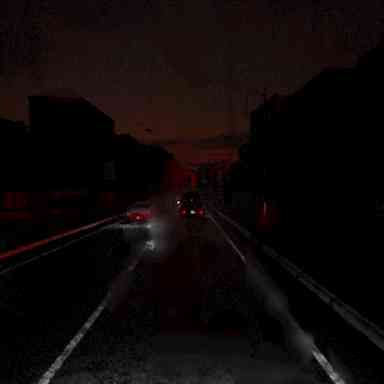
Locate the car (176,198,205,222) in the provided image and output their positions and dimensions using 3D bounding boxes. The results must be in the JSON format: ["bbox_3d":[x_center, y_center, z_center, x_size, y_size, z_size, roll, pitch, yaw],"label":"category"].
[{"bbox_3d":[0.021,1.392,24.633,2.033,1.411,5.357,0,0,0],"label":"car"}]

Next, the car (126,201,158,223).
[{"bbox_3d":[-3.507,1.375,23.920,1.812,1.442,4.674,0,0,0],"label":"car"}]

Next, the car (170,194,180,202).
[{"bbox_3d":[-3.340,1.080,65.276,1.882,1.535,5.008,0,1,1],"label":"car"}]

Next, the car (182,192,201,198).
[{"bbox_3d":[-0.059,1.003,40.860,2.150,2.045,5.566,0,1,0],"label":"car"}]

_EXERCISE DIRECTIONS_
Give exactly, and nothing besides, the lines from the one in which "Next, the car (170,194,180,202)." occurs through the end of the records.

_WORKED SOLUTION_
Next, the car (170,194,180,202).
[{"bbox_3d":[-3.340,1.080,65.276,1.882,1.535,5.008,0,1,1],"label":"car"}]

Next, the car (182,192,201,198).
[{"bbox_3d":[-0.059,1.003,40.860,2.150,2.045,5.566,0,1,0],"label":"car"}]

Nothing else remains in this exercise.